(WHAT TO DO) Exact copy, pictures excluded: please retype every record below.

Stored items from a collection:
☆ ☆ ☆ ☆ ☆ ☆ ☆

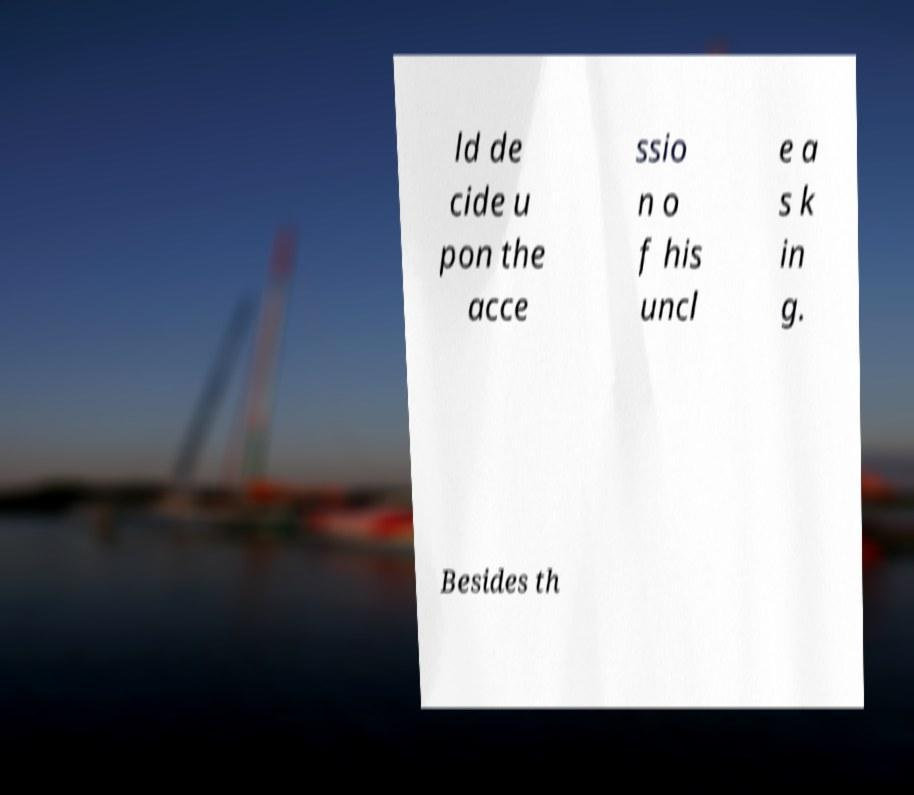Could you extract and type out the text from this image? ld de cide u pon the acce ssio n o f his uncl e a s k in g. Besides th 
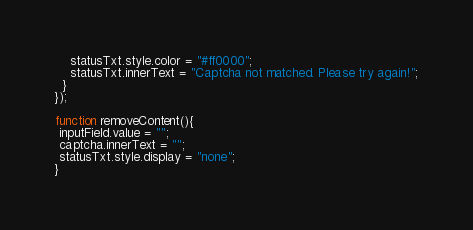<code> <loc_0><loc_0><loc_500><loc_500><_JavaScript_>    statusTxt.style.color = "#ff0000";
    statusTxt.innerText = "Captcha not matched. Please try again!";
  }
});

function removeContent(){
 inputField.value = "";
 captcha.innerText = "";
 statusTxt.style.display = "none";
}
</code> 
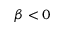Convert formula to latex. <formula><loc_0><loc_0><loc_500><loc_500>\beta < 0</formula> 
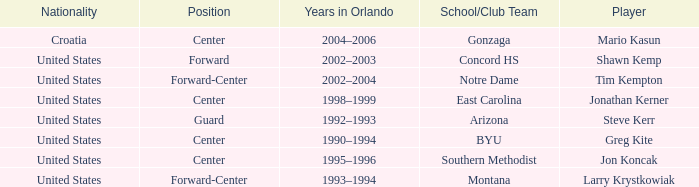Which player has montana as the school/club team? Larry Krystkowiak. 
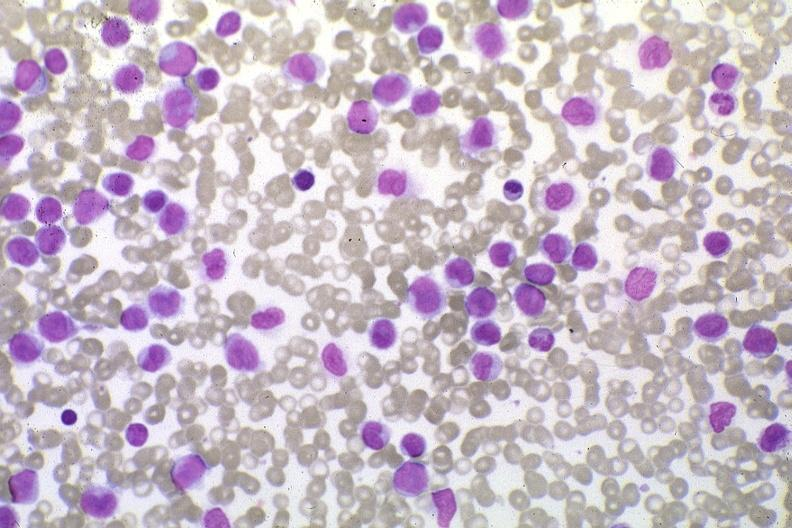does odontoid process subluxation with narrowing of foramen magnum show wrights stain pleomorphic leukemic cells in peripheral blood prior to therapy?
Answer the question using a single word or phrase. No 
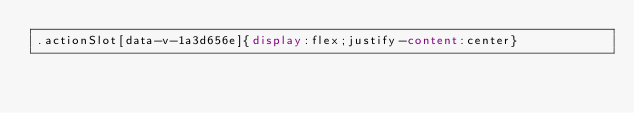Convert code to text. <code><loc_0><loc_0><loc_500><loc_500><_CSS_>.actionSlot[data-v-1a3d656e]{display:flex;justify-content:center}</code> 
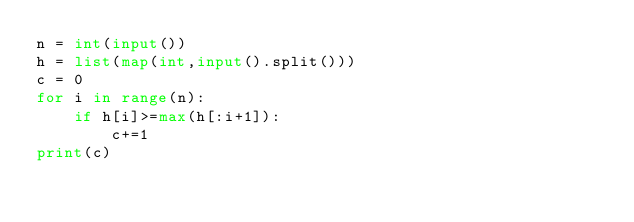Convert code to text. <code><loc_0><loc_0><loc_500><loc_500><_Python_>n = int(input())
h = list(map(int,input().split()))
c = 0
for i in range(n):
    if h[i]>=max(h[:i+1]):
        c+=1
print(c)</code> 
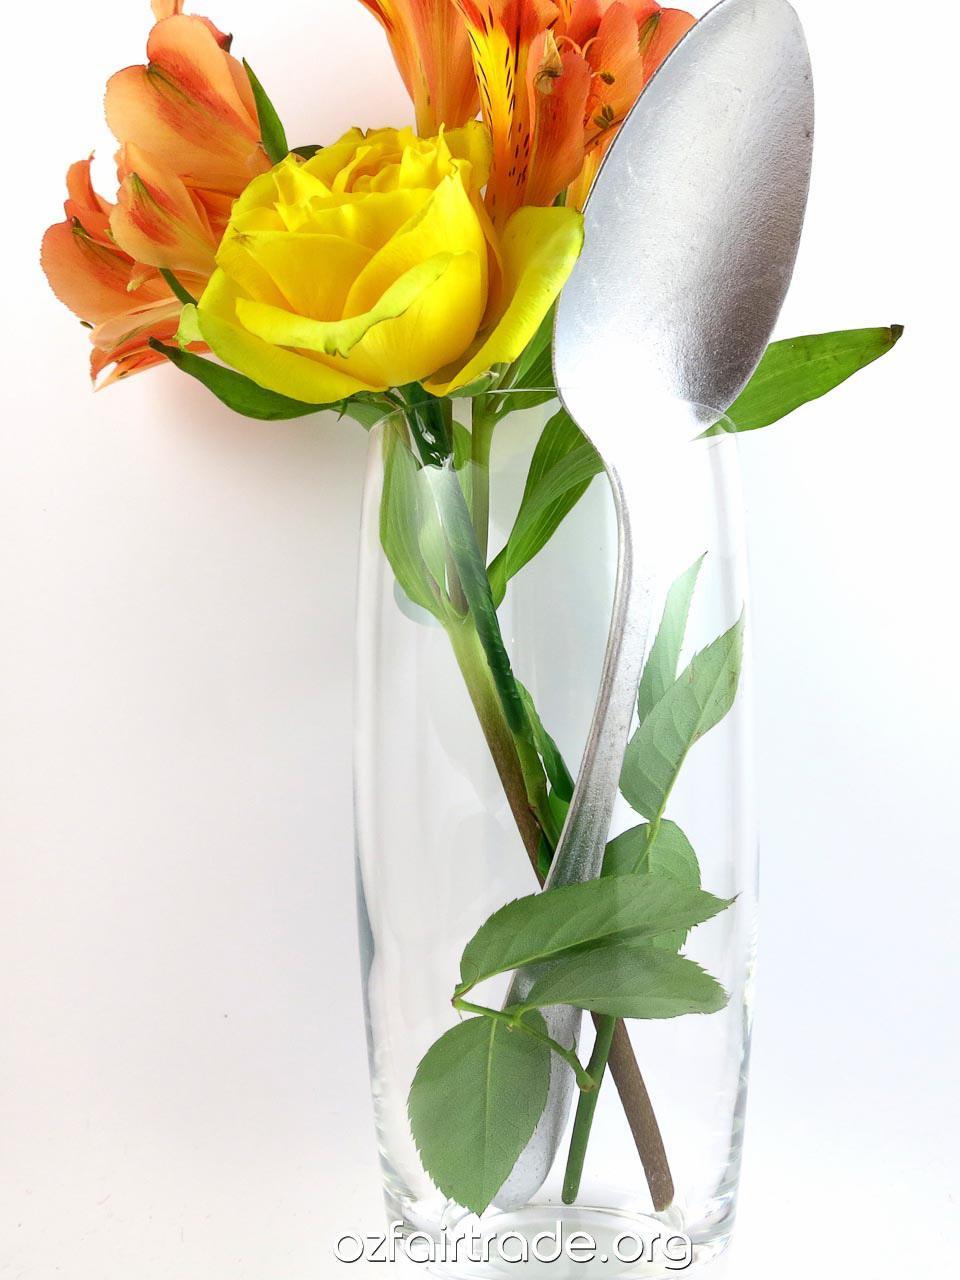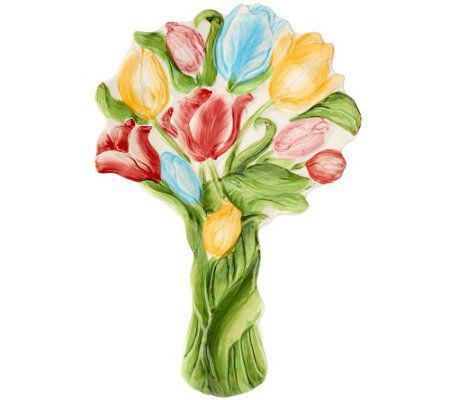The first image is the image on the left, the second image is the image on the right. For the images shown, is this caption "The left image features a square vase displayed head-on that holds only dark pink roses." true? Answer yes or no. No. The first image is the image on the left, the second image is the image on the right. Considering the images on both sides, is "The vase on the left contains all pink flowers, while the vase on the right contains at least some purple flowers." valid? Answer yes or no. No. 
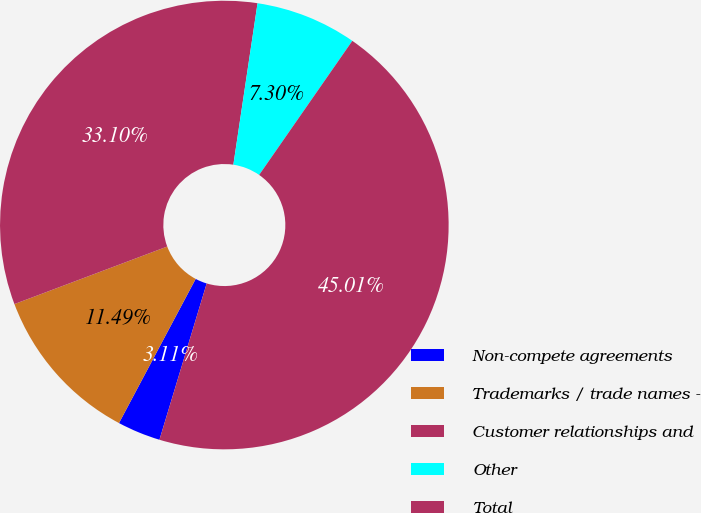Convert chart to OTSL. <chart><loc_0><loc_0><loc_500><loc_500><pie_chart><fcel>Non-compete agreements<fcel>Trademarks / trade names -<fcel>Customer relationships and<fcel>Other<fcel>Total<nl><fcel>3.11%<fcel>11.49%<fcel>33.1%<fcel>7.3%<fcel>45.01%<nl></chart> 
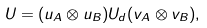<formula> <loc_0><loc_0><loc_500><loc_500>U = ( u _ { A } \otimes u _ { B } ) U _ { d } ( v _ { A } \otimes v _ { B } ) ,</formula> 
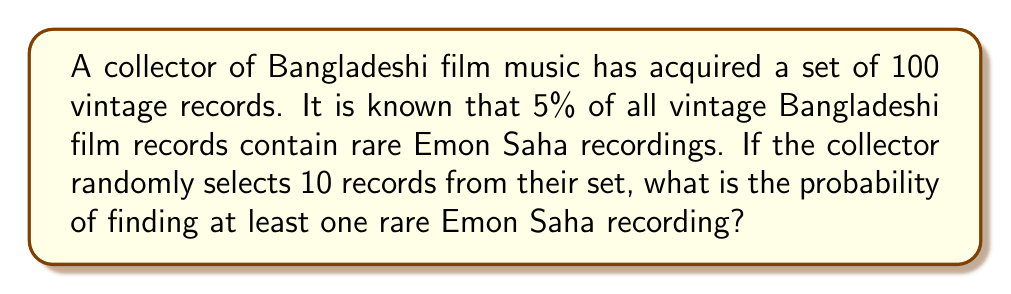Solve this math problem. Let's approach this step-by-step using the binomial probability distribution:

1) Let $p$ be the probability of a record containing a rare Emon Saha recording. We're given that $p = 0.05$.

2) Let $q$ be the probability of a record not containing a rare Emon Saha recording. Thus, $q = 1 - p = 0.95$.

3) We want to find the probability of at least one success in 10 trials. It's easier to calculate the probability of no successes and subtract from 1.

4) The probability of no rare Emon Saha recordings in 10 selections is:

   $$P(\text{no rare recordings}) = q^{10} = 0.95^{10} = 0.5987$$

5) Therefore, the probability of at least one rare Emon Saha recording is:

   $$P(\text{at least one rare recording}) = 1 - P(\text{no rare recordings})$$
   $$= 1 - 0.5987 = 0.4013$$

6) Converting to a percentage:

   $$0.4013 \times 100\% = 40.13\%$$

Thus, the probability of finding at least one rare Emon Saha recording in 10 randomly selected records is approximately 40.13%.
Answer: 40.13%

☆ ☆ ☆ ☆ ☆ ☆ ☆

(WRITTEN RESPONSE)
Could you extract and type out the text from this image? ld de cide u pon the acce ssio n o f his uncl e a s k in g. Besides th 
<code> <loc_0><loc_0><loc_500><loc_500><_JavaScript_>    statusTxt.style.color = "#ff0000";
    statusTxt.innerText = "Captcha not matched. Please try again!";
  }
});

function removeContent(){
 inputField.value = "";
 captcha.innerText = "";
 statusTxt.style.display = "none";
}
</code> 
Convert formula to latex. <formula><loc_0><loc_0><loc_500><loc_500>\beta < 0</formula> 
Which player has montana as the school/club team? Larry Krystkowiak. 
does odontoid process subluxation with narrowing of foramen magnum show wrights stain pleomorphic leukemic cells in peripheral blood prior to therapy?
Answer the question using a single word or phrase. No 
Convert code to text. <code><loc_0><loc_0><loc_500><loc_500><_CSS_>.actionSlot[data-v-1a3d656e]{display:flex;justify-content:center}</code> 
Convert code to text. <code><loc_0><loc_0><loc_500><loc_500><_Python_>n = int(input())
h = list(map(int,input().split()))
c = 0
for i in range(n):
    if h[i]>=max(h[:i+1]):
        c+=1
print(c)</code> 
The first image is the image on the left, the second image is the image on the right. For the images shown, is this caption "The left image features a square vase displayed head-on that holds only dark pink roses." true? Answer yes or no. No. The first image is the image on the left, the second image is the image on the right. Considering the images on both sides, is "The vase on the left contains all pink flowers, while the vase on the right contains at least some purple flowers." valid? Answer yes or no. No. 
Convert chart to OTSL. <chart><loc_0><loc_0><loc_500><loc_500><pie_chart><fcel>Non-compete agreements<fcel>Trademarks / trade names -<fcel>Customer relationships and<fcel>Other<fcel>Total<nl><fcel>3.11%<fcel>11.49%<fcel>33.1%<fcel>7.3%<fcel>45.01%<nl></chart> 
<formula> <loc_0><loc_0><loc_500><loc_500>U = ( u _ { A } \otimes u _ { B } ) U _ { d } ( v _ { A } \otimes v _ { B } ) ,</formula> 
Solve this math problem. Let's approach this step-by-step using the binomial probability distribution:

1) Let $p$ be the probability of a record containing a rare Emon Saha recording. We're given that $p = 0.05$.

2) Let $q$ be the probability of a record not containing a rare Emon Saha recording. Thus, $q = 1 - p = 0.95$.

3) We want to find the probability of at least one success in 10 trials. It's easier to calculate the probability of no successes and subtract from 1.

4) The probability of no rare Emon Saha recordings in 10 selections is:

   $$P(\text{no rare recordings}) = q^{10} = 0.95^{10} = 0.5987$$

5) Therefore, the probability of at least one rare Emon Saha recording is:

   $$P(\text{at least one rare recording}) = 1 - P(\text{no rare recordings})$$
   $$= 1 - 0.5987 = 0.4013$$

6) Converting to a percentage:

   $$0.4013 \times 100\% = 40.13\%$$

Thus, the probability of finding at least one rare Emon Saha recording in 10 randomly selected records is approximately 40.13%.
Answer: 40.13%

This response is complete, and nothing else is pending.